You know a mobile tech gadget has arrived when Tech Pundits start arguing over its worth in lengthy blog posts. That appears to be the case with the Google Chromebook. Chromebook naysayers have prompted some Chromebook advocates to push back in the debate. I have to admit, in my view the Chromebook is an odd duck of a mobile device and has been since we first heard about it. But I also have to admit on many levels and also with surprising cross sample of “regular folk” in my circles the Chromebook is making a lot of sense. The debate has turned into a “less is more” vs “more is better” argument.
Here are the participants. Paul Thurrott kicked things off with a post called “Assessing the Chromebook Threat.” that contains a sub-head that says “Chromebooks are a joke but they benefit from good timing.” That was followed up by Larry Seltzer on ZDNet with a post saying: “There’s no good reason to buy a Chromebook.” Both posts make the same point. Why buy a browser only device that looks like a laptop when you can do the same and more on a Windows laptop or Ultrabook? At the other podium, Kevin Tofel of GigaOm weighed in with “The Chromebook Pundits are Out of Touch with Reality.” And James Kendrick of ZDNet put things in an appropriate context with “Chromebooks: Sometimes Less Is More.” If you are considering a laptop form factor device and have thought about a Chromebook I recommend you read all four posts.
Looking at the four posts several things strike me.
- Kendrick’s Less Is More post points to where the market has been since the dawn of the Age of the Netbook. The myth that most folks need powerful computers to get through the day has long since been exposed as the sham it always was.
- The use of the word “stupid” by both Thurrott and Seltzer in bashing Chromebooks tars users with an unneccesary wide brush that makes their arguments seem defensive.
- Tofel demonstrates some things he can do on a Chromebook that to him knocks down the argument that these aren’t real mobile computing devices while saying these devices need to be looked at in specific user case scenarios.
Chromebooks have an operating system that for all intents and purposes is a browser. As a platform there is an App ecosystem that can run within that browser. Google has been pushing things along and combined with its OEM partners has been advancing the platform and the price points and specs of Chromebooks.
Here’s the thing. I personally have only rudimentary experience with a Chromebook. The device category is not for me in how I work or play. That said, over the course of the last 9 months or so I’ve had five distinct conversations with friends, co-workers, and family who were looking to replace a notebook, asking for recommendations.
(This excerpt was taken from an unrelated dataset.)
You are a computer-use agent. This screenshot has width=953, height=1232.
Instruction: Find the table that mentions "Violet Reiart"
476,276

After the usual inventory drill to assess their needs, I’d give them several choices including the Chromebook. In all but one of those conversations no one had heard of a Chromebook before. In the one instance the individual had heard of it, his assumption going in was that it wasn’t a real computer.
After shopping around and comparing things, three of those inquiring ended up purchasing a Chromebook. All three are very happy with their decision. One ended up purchasing an iPad and a keyboard. Also very happy. The last ended up getting a tricked out gaming rig of some sort. I haven’t heard from him in awhile. I presume he’s lost in some game somewhere.
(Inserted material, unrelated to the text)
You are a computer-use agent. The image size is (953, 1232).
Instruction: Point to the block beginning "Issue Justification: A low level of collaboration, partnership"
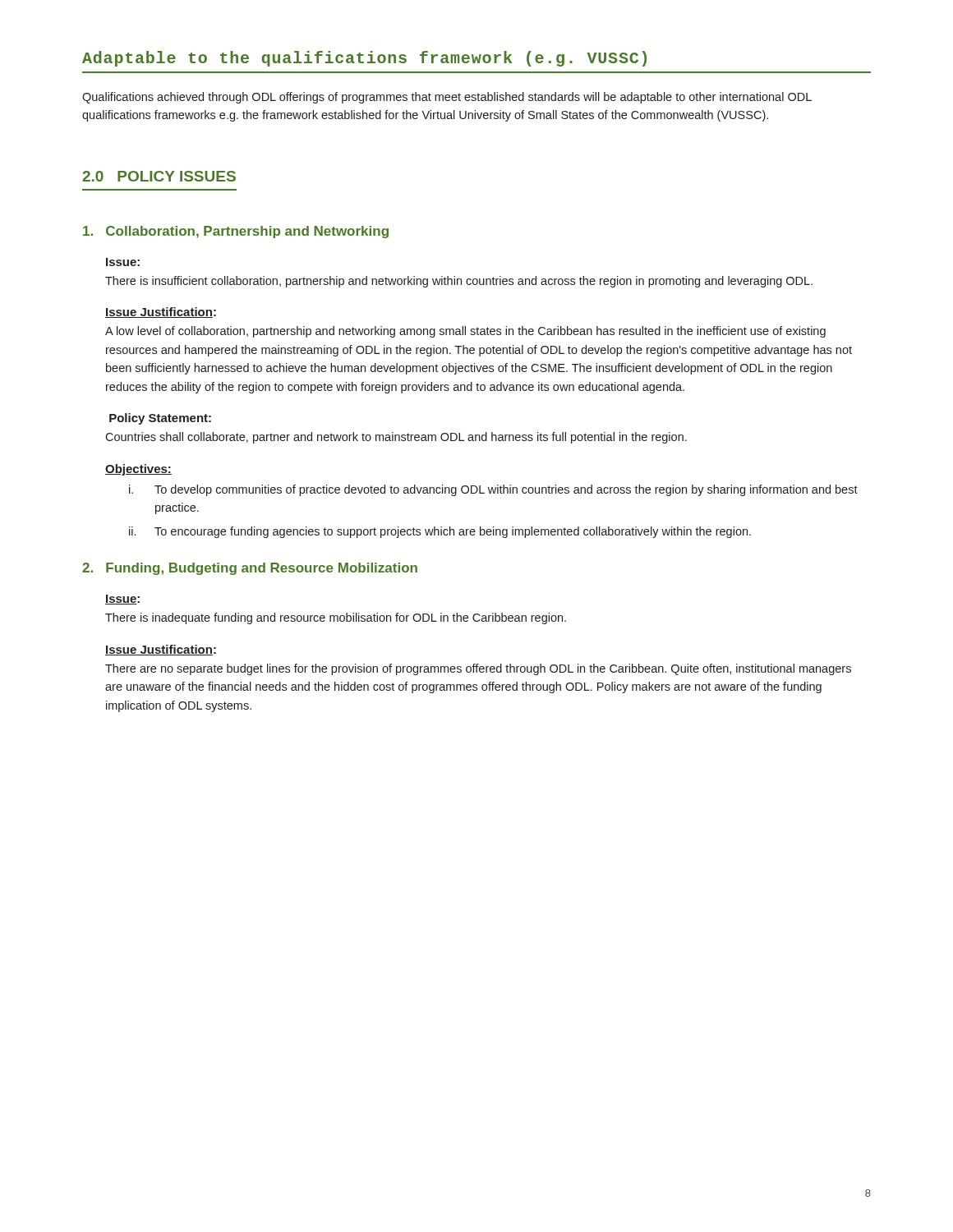(x=488, y=351)

Certainly not a scientific sampling by any means, but it confirms, to me at least, what I’ve been seeing for quite some time now. Even with devices at price points that make them almost disposable, some consumers are taking better stock of what they actually need to do with a device than they used to. Let’s face it with prices lower than many smartphones and Tablets, Chromebooks offer an attractive value if it fits your needs. Less can often be more, if not more satisfying, but it all (and always) depends on what a consumer wants and needs to do.
Thurrott is correct that Microsoft finds it self surrounded and should view Chromebooks as a threat. It’s the same threat that netbooks presented and we all know how that went down for the folks in Redmond. Buggy whip manufacturers moved more quickly to meet a threat to their business.
When I’m asked for a recommendation I always offer a range of choices depending on what the questioner wants and needs to do. The beauty of the market we’re in right now is that consumers have a range of devices, form factors, and solutions to choose from. That might make it tougher for those on the selling end of things, but too bad. Just look at it this way. Two years ago, who would have thought we would see Microsoft giving away Microsoft Office for free on devices? Google and the way it disrupts helped lead to that and quite a bit more. Better yet, in that same time frame who would have thought that Microsoft would be giving away Microsoft Office for free on devices it manufactures and markets, that run Office 2013 reasonably well on what many still label as “not a real computer?”
I just think the definition of “real computer” and “real computing” has changed so significantly, that regardless of how any pundit, including this one, feels or reacts, everything is a no longer just a moving target but instead has become a missile that can home in and disrupt the best of plans. The good news, is that smart consumers who take the time to explore their options have more to choose from than ever before. When the pundits are debating the merits of this or that platform, than I believe the platform is something worth adding to your options.